● SOURCE RECORDS:
Start of Block

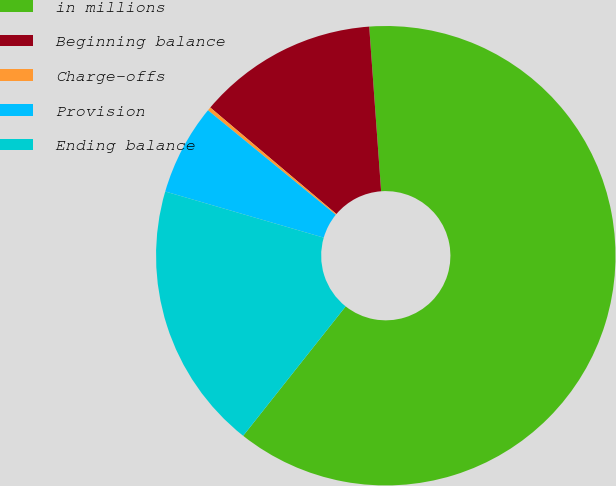Convert chart. <chart><loc_0><loc_0><loc_500><loc_500><pie_chart><fcel>in millions<fcel>Beginning balance<fcel>Charge-offs<fcel>Provision<fcel>Ending balance<nl><fcel>61.81%<fcel>12.69%<fcel>0.25%<fcel>6.4%<fcel>18.85%<nl></chart> 
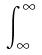<formula> <loc_0><loc_0><loc_500><loc_500>\int _ { \infty } ^ { \infty }</formula> 
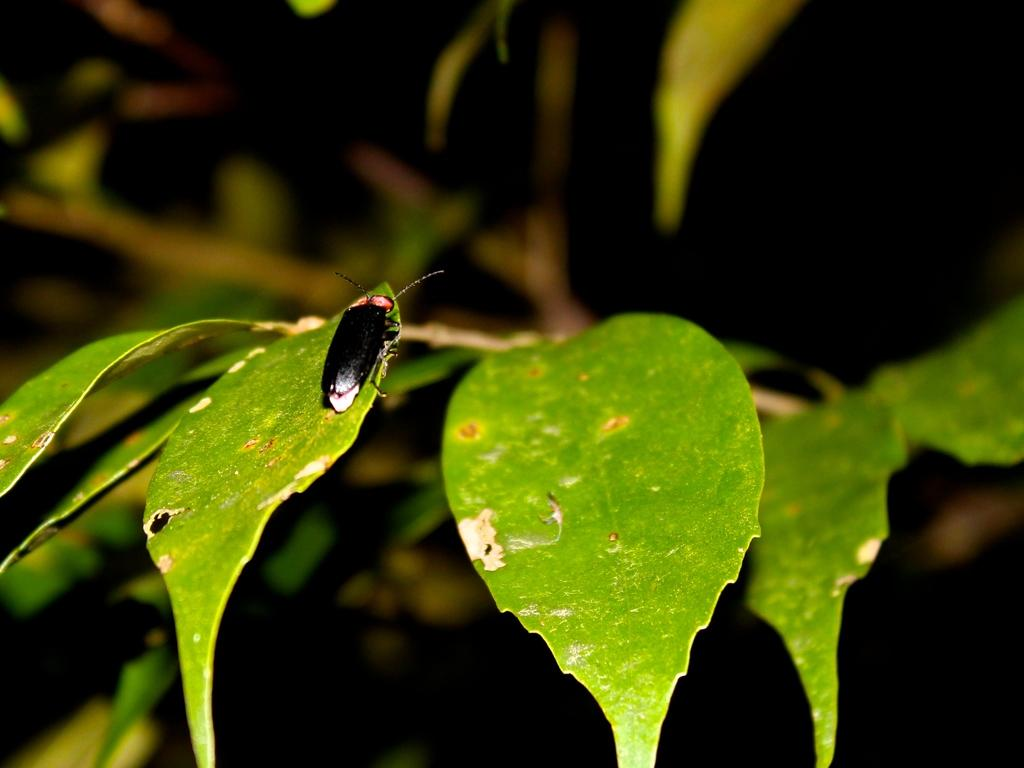What is on the leaf in the image? There is an insect on a leaf in the image. What can be seen in the background of the image? There is a tree branch visible in the background of the image. What type of tub is visible in the image? There is no tub present in the image; it features an insect on a leaf and a tree branch in the background. 
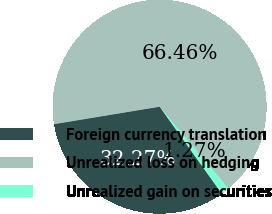Convert chart. <chart><loc_0><loc_0><loc_500><loc_500><pie_chart><fcel>Foreign currency translation<fcel>Unrealized loss on hedging<fcel>Unrealized gain on securities<nl><fcel>32.27%<fcel>66.46%<fcel>1.27%<nl></chart> 
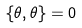<formula> <loc_0><loc_0><loc_500><loc_500>\{ \theta , \theta \} = 0</formula> 
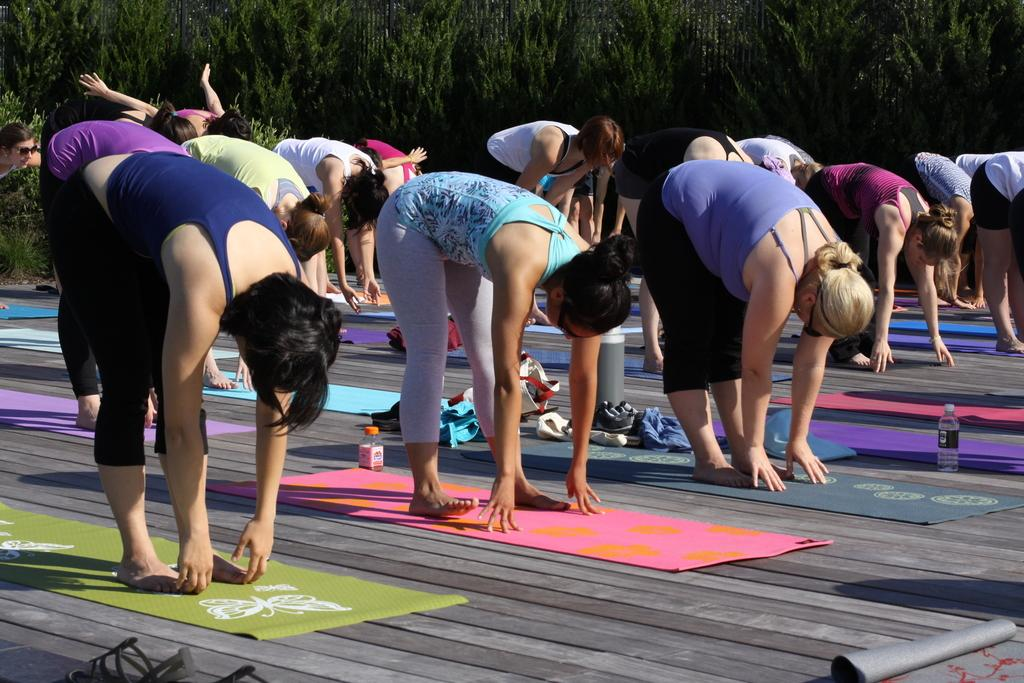Who or what can be seen in the image? There are people in the image. What are the people doing in the image? The people are exercising on mats. What can be seen in the background of the image? There are trees in the background of the image. What type of oven is being advertised in the image? There is no oven or advertisement present in the image; it features people exercising on mats with trees in the background. Can you spot an owl in the image? There is no owl present in the image. 
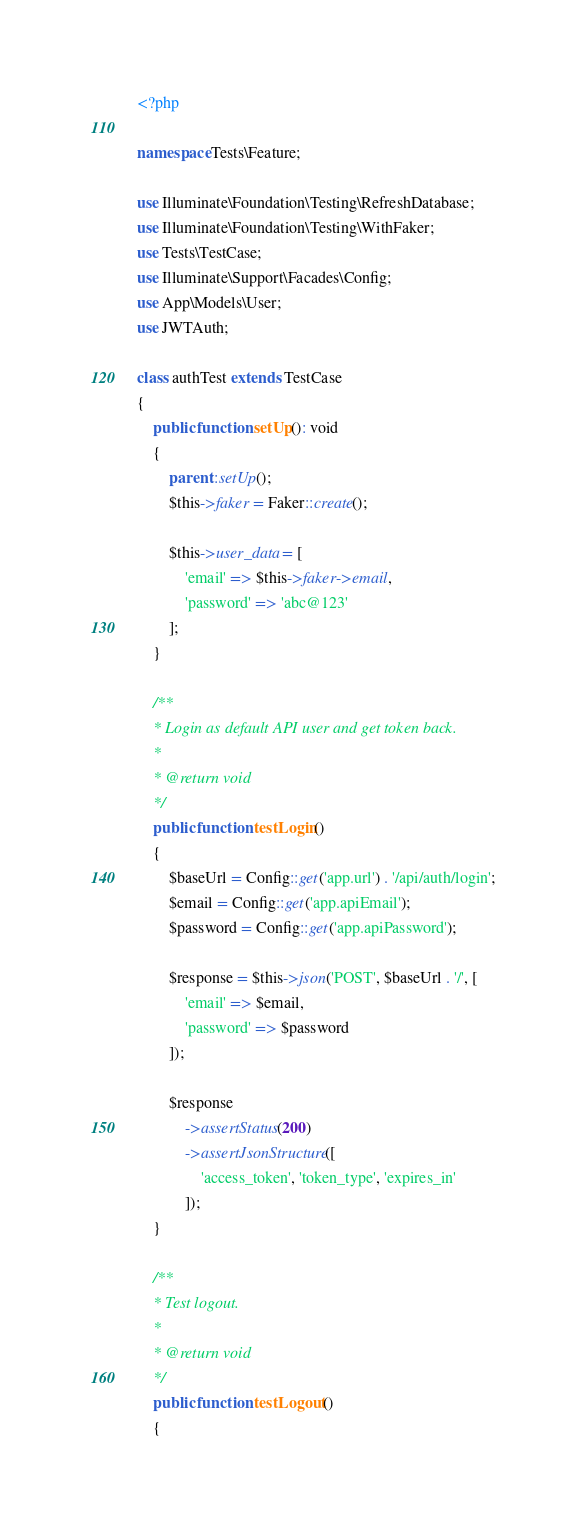<code> <loc_0><loc_0><loc_500><loc_500><_PHP_><?php

namespace Tests\Feature;

use Illuminate\Foundation\Testing\RefreshDatabase;
use Illuminate\Foundation\Testing\WithFaker;
use Tests\TestCase;
use Illuminate\Support\Facades\Config;
use App\Models\User;
use JWTAuth;

class authTest extends TestCase
{
    public function setUp(): void
    {
        parent::setUp();
        $this->faker = Faker::create();

        $this->user_data = [
            'email' => $this->faker->email,
            'password' => 'abc@123'
        ];
    }
    
    /**
    * Login as default API user and get token back.
    *
    * @return void
    */
    public function testLogin()
    {
        $baseUrl = Config::get('app.url') . '/api/auth/login';
        $email = Config::get('app.apiEmail');
        $password = Config::get('app.apiPassword');

        $response = $this->json('POST', $baseUrl . '/', [
            'email' => $email,
            'password' => $password
        ]);

        $response
            ->assertStatus(200)
            ->assertJsonStructure([
                'access_token', 'token_type', 'expires_in'
            ]);
    }

    /**
    * Test logout.
    *
    * @return void
    */
    public function testLogout()
    {</code> 
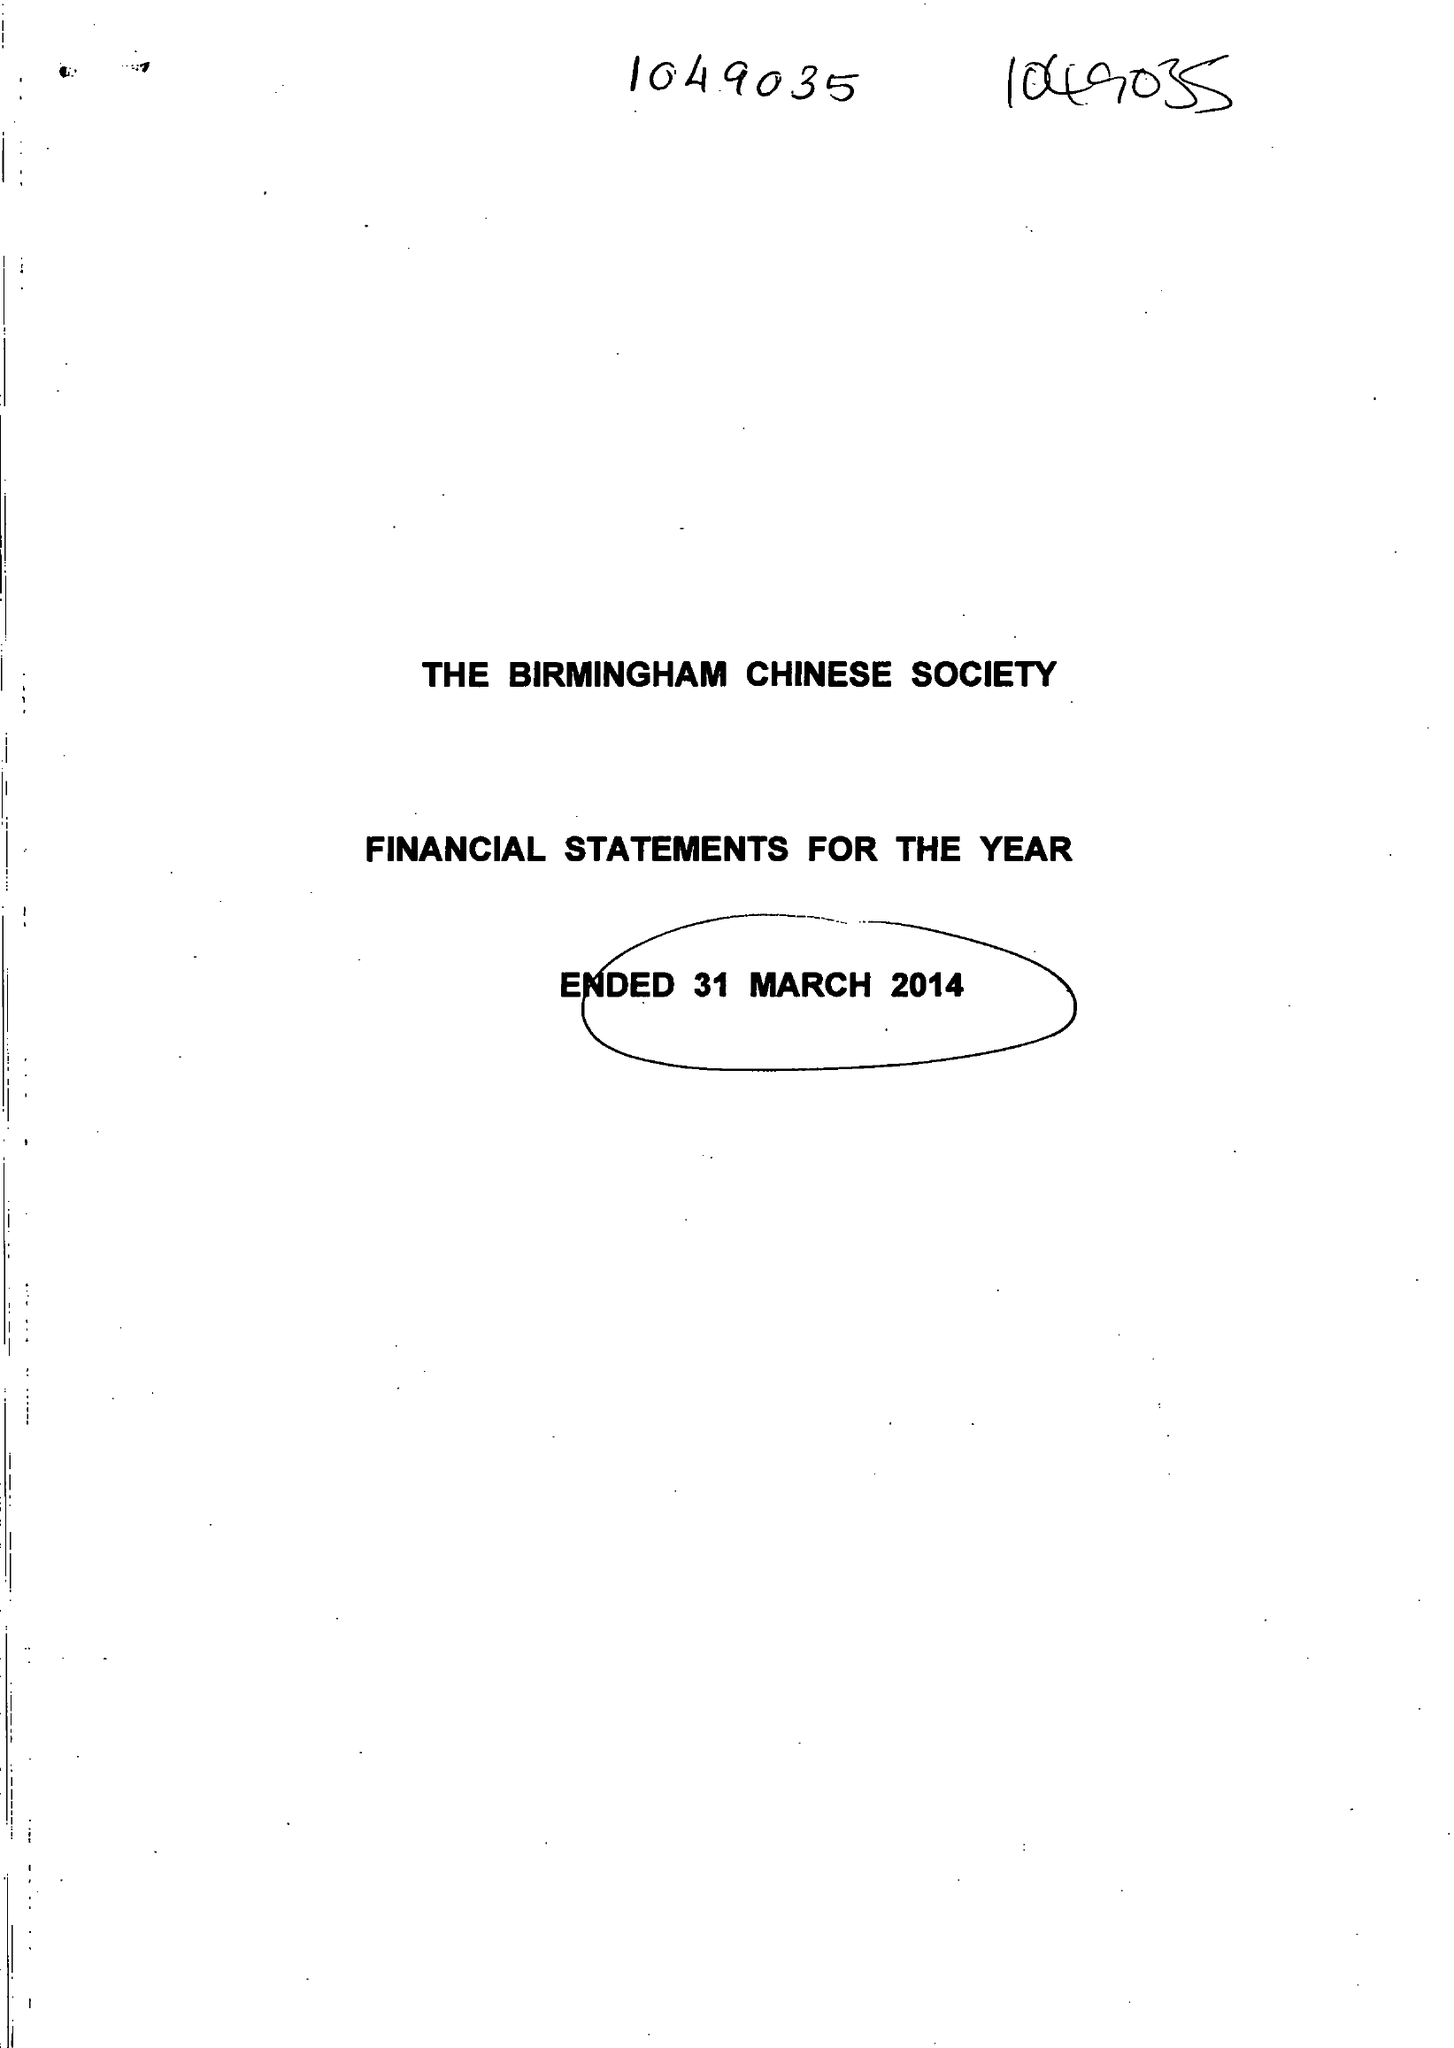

End of Block

● WORK INSTRUCTIONS:
Everything in the entries above except the pictures should be given again exactly.

● COMPLETED EXERCISE:
Convert chart. <chart><loc_0><loc_0><loc_500><loc_500><pie_chart><fcel>in millions<fcel>Beginning balance<fcel>Charge-offs<fcel>Provision<fcel>Ending balance<nl><fcel>61.81%<fcel>12.69%<fcel>0.25%<fcel>6.4%<fcel>18.85%<nl></chart> 
<formula> <loc_0><loc_0><loc_500><loc_500>\int _ { \infty } ^ { \infty }</formula> 
What is on the leaf in the image? There is an insect on a leaf in the image. What can be seen in the background of the image? There is a tree branch visible in the background of the image. What type of tub is visible in the image? There is no tub present in the image; it features an insect on a leaf and a tree branch in the background. 
Convert chart. <chart><loc_0><loc_0><loc_500><loc_500><pie_chart><fcel>Foreign currency translation<fcel>Unrealized loss on hedging<fcel>Unrealized gain on securities<nl><fcel>32.27%<fcel>66.46%<fcel>1.27%<nl></chart> 
<formula> <loc_0><loc_0><loc_500><loc_500>\{ \theta , \theta \} = 0</formula> 
Who or what can be seen in the image? There are people in the image. What are the people doing in the image? The people are exercising on mats. What can be seen in the background of the image? There are trees in the background of the image. What type of oven is being advertised in the image? There is no oven or advertisement present in the image; it features people exercising on mats with trees in the background. Can you spot an owl in the image? There is no owl present in the image. 
<code> <loc_0><loc_0><loc_500><loc_500><_PHP_><?php

namespace Tests\Feature;

use Illuminate\Foundation\Testing\RefreshDatabase;
use Illuminate\Foundation\Testing\WithFaker;
use Tests\TestCase;
use Illuminate\Support\Facades\Config;
use App\Models\User;
use JWTAuth;

class authTest extends TestCase
{
    public function setUp(): void
    {
        parent::setUp();
        $this->faker = Faker::create();

        $this->user_data = [
            'email' => $this->faker->email,
            'password' => 'abc@123'
        ];
    }
    
    /**
    * Login as default API user and get token back.
    *
    * @return void
    */
    public function testLogin()
    {
        $baseUrl = Config::get('app.url') . '/api/auth/login';
        $email = Config::get('app.apiEmail');
        $password = Config::get('app.apiPassword');

        $response = $this->json('POST', $baseUrl . '/', [
            'email' => $email,
            'password' => $password
        ]);

        $response
            ->assertStatus(200)
            ->assertJsonStructure([
                'access_token', 'token_type', 'expires_in'
            ]);
    }

    /**
    * Test logout.
    *
    * @return void
    */
    public function testLogout()
    {</code> 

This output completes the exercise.